There seems to be a trend developing in defense strategy in the wake of Wal-Mart Stores, Inc. v. Dukes, 131 S. Ct. 2541 (2011). More and more defendants facing class actions alleging that discretionary decision-making in a culture infected with bias causes employment discrimination are moving to dismiss, arguing that such a legal theory cannot meet the Rule 23(a) commonality requirement after Wal-Mart. The latest entrant into that arena is none other than the U. S. Attorney General himself in Grogan, et al. v. Holder, No. 08-CV-1747 (D.D.C.), a workplace class action involving employees of the U.S. Marshals Service (“USMS”).
The Attorney General (“DOJ”), however, was not successful in his effort to make this race discrimination suit go away quickly.
In Grogan v. Holder, Judge Barbara J. Rothstein of the U.S. District Court for the District of Columbia denied a Rule 12(b)(6) motion to dismiss in a class action alleging that the USMS engaged in race discrimination against a putative class of African-American Deputy U.S. Marshals. She also denied DOJ’s alternative motion to strike the class allegations under Rule 12(f) and Local Civil Rule 23.1(b).) Plaintiffs alleged that the USMS’s Merit Promotion System contains features that systematically impede the promotion of African-American Deputy Marshals, including scoring, grading, and ranking systems where criteria are subjectively evaluated by whites, and tests that are biased in favor of whites, among others. Plaintiffs offered anecdotal examples to support these allegations, and even though the case was filed in 2008, they alleged that they had been denied the opportunity to conduct discovery necessary for class certification.
DOJ argued that the theory of liability alleged in the complaint failed to state a claim because it was just like Wal-Mart. Instead of challenging a specific employment practice, DOJ contended that Plaintiffs “seek to prove discrimination by merely proving that the USMS’s discretionary system had produced racial disparity[.]” Id. at 5. Going further, DOJ argued that Wal-Mart “unambiguously [held] that claims based on ‘excess discretion’ do not pass muster under Title VII.” Id.
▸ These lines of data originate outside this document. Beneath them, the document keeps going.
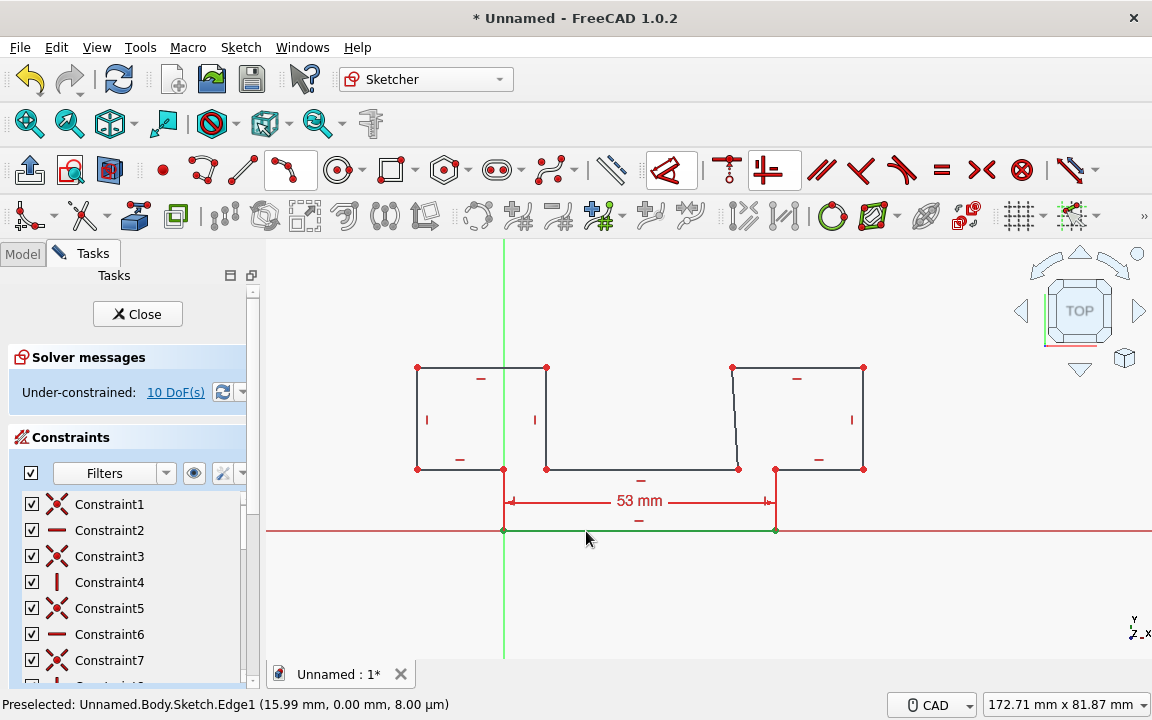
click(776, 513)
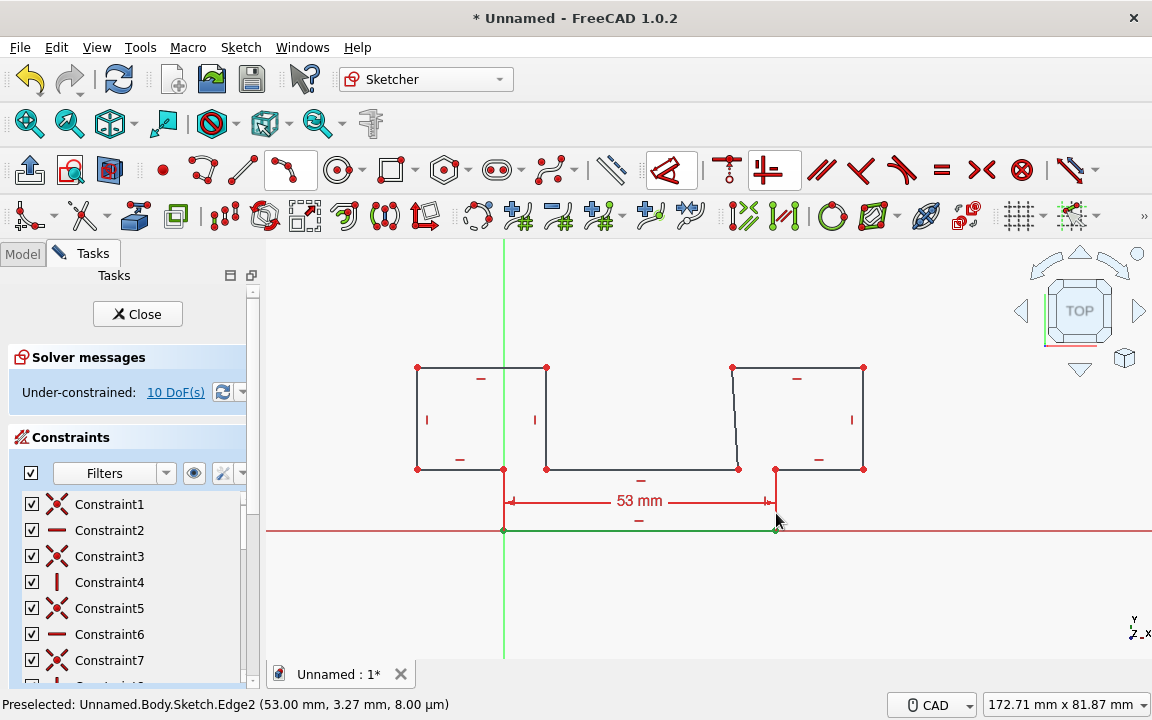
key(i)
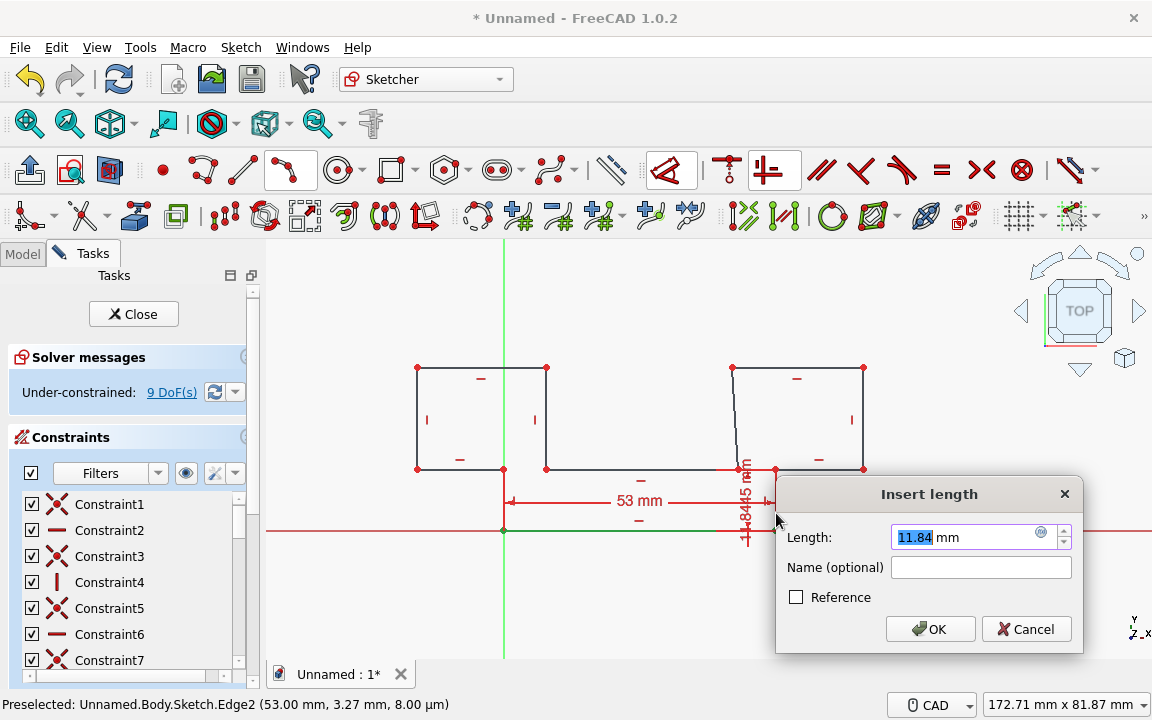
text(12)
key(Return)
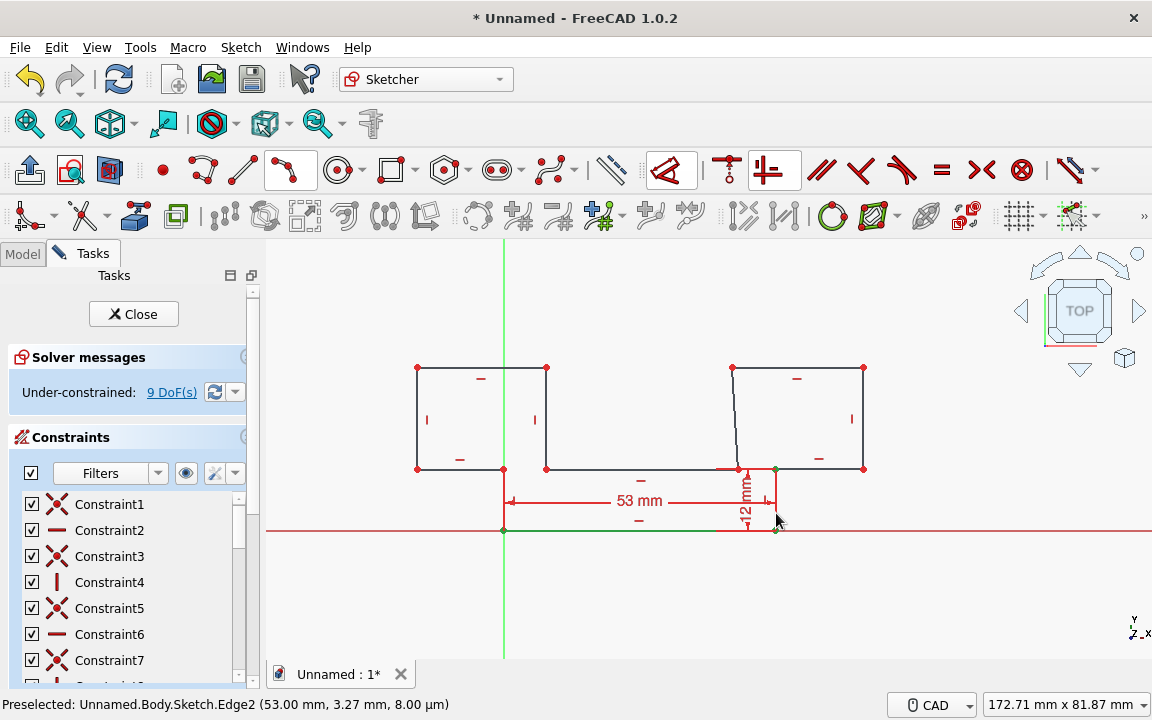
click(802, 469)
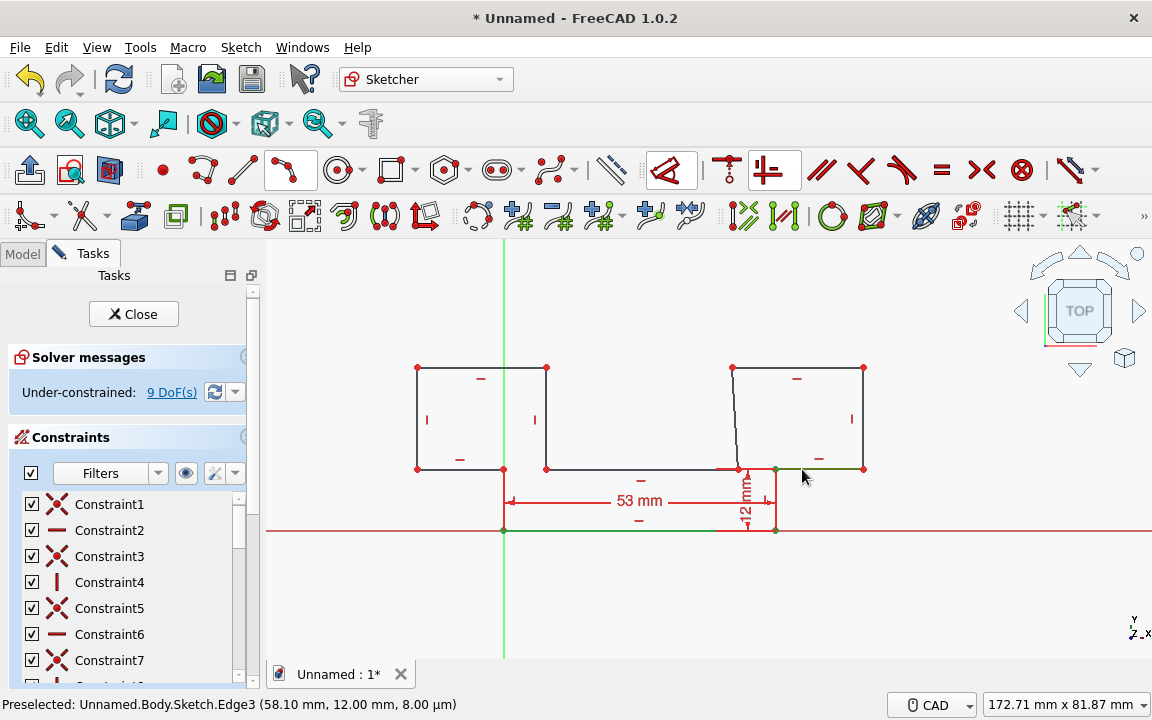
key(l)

The Court did not agree with DOJ’s take on Wal-Mart. Instead, it noted that “Wal-Mart explicitly reaffirmed that ‘giving discretion to lower-level supervisors can be the basis of Title VII liability under a disparate-impact theory since an employer’s undisciplined system of subjective decision-making can have precisely the same effects as a system pervaded by impermissible intentional discrimination.” Id. at 6. The Court explained that the SCOTUS decision was concerned with a failure of proof, not on a wholesale rejection of the theory of delegated subjective discretion. Id. In sum, the Court concluded that DOJ’s motion was premature, since it could not conduct the rigorous analysis required under Rule 23 without discovery, “be it through expert testimony, statistics, deposition testimony, reports, policy statements, etc.” Id. at 6-7.
As readers of this blog know, such discovery can be costly and time-consuming. As a result, DOJ’s strategy was probably worth trying, even though it was ultimately unsuccessful.